Natürlich motivierte eine solche Schulausbildung von Ordensschwestern auch Schülerinnen, ebenfalls in den Orden einzutreten. Diese Auswirkung wird öfter erwähnt, bedarf aber wohl noch einer differenzierten Untersuchung. In diesem Zusammenhang möchte ich den Blick nochmals auf den Anfang der Liebfrauenschule in Cloppenburg lenken. Den Ordensschwestern war es wichtig, dass ihnen ein Geistlicher zugeordnet wurde, der mit ihnen in der Ordensgemeinschaft die Heilige Messe las und ihnen die Beichte abnahm, damit sie in ihrem Glaubensleben weiter wuchsen und in ihrem Ordensleben gestärkt wurden. Hier entwickelte sich eine selbstverständliche Verzahnung der zuständigen Geistlichkeit der Pfarrkirche mit den Ordensschwestern, wobei beide Bereiche zusammenarbeiten konnten, aber in der Regel voneinander getrennt blieben. Dies erklärt augenfällig, warum die Ordensschwestern zunächst in der Nähe der St. Andreas Pfarrkirche angesiedelt wurden. Die Schwestern hatten so eine einfache Möglichkeit, das Gotteshaus auch für ihre eigenen Gebetszeiten zu nutzen. Die Geistlichen Vikarverwalter Clemens Meistermann und Vikar Holthaus, die ebenfalls an der St. Andreas Pfarrkirche im Jahr 1878 tätig waren, waren die ersten den Ordensschwestern zugeordneten „Beichtväter", wie das Antwortschreiben vom 28. beziehungsweise 29. Mai 1878 des Bischöflich Münsterschen Offizialats auf die oben erwähnte Bitte um einen Beichtpriester für die neu gegründete Schwesternschule in Cloppenburg verdeutlicht. Mit der Bezeichnung „confessarius ordinarius" ( ordentlicher Beichtvater)  oder „confessarius extraordinarius" (außerordentlicher Beichtvater) wurden in der Folgezeit nach 1878 in der Regel für den Zeitraum von drei Jahren dann immer wieder Geistliche auf Anordnung des jeweiligen Offizials den Ordensschwestern zugeordnet.

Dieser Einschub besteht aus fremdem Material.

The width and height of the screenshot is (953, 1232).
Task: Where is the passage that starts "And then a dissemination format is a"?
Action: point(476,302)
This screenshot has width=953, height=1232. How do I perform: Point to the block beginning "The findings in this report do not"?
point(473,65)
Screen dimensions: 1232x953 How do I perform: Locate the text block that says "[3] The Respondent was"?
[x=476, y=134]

Die Schwestern richteten, nachdem sie nach 1887 an der Osterstraße ihr neues Domizil fanden, weil sich die Aufgaben der Schule vermehrt und die Schülerinnenzahl sich vergrößert hatte,  im Ordens- und Schulgebäude von 1898 eine größere Hauskapelle ein. Die Praxis eines dem Orden zugeordneten Geistlichen blieb bis Anfang 1990 erhalten.

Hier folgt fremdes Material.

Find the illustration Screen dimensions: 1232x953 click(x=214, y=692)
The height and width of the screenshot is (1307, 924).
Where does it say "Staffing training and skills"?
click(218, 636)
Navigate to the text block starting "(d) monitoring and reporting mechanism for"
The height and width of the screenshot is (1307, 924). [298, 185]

Geistliches Leben wirkt bis heute fort
Nachdem Anfang August 1994 die Ordensschwestern die Schulträgerschaft in die Hände des Offizialats gelegt haben, gibt es kein geistliches Ordensleben mehr in der Schule. Dennoch lebt der Geist in der christlichen Erziehung junger Menschen in der Schule fort, was sich beispielsweise in vielfältigen Formen von Gottesdienstfeiern zeigt.  Besonders in dem heutigen Meditationsraum der Liebfrauenschule ist die Nähe des  guten Gottes spürbar, der einst die Gründerin des Ordens U. L. Frau, Julie Billiart, inspiriert hat.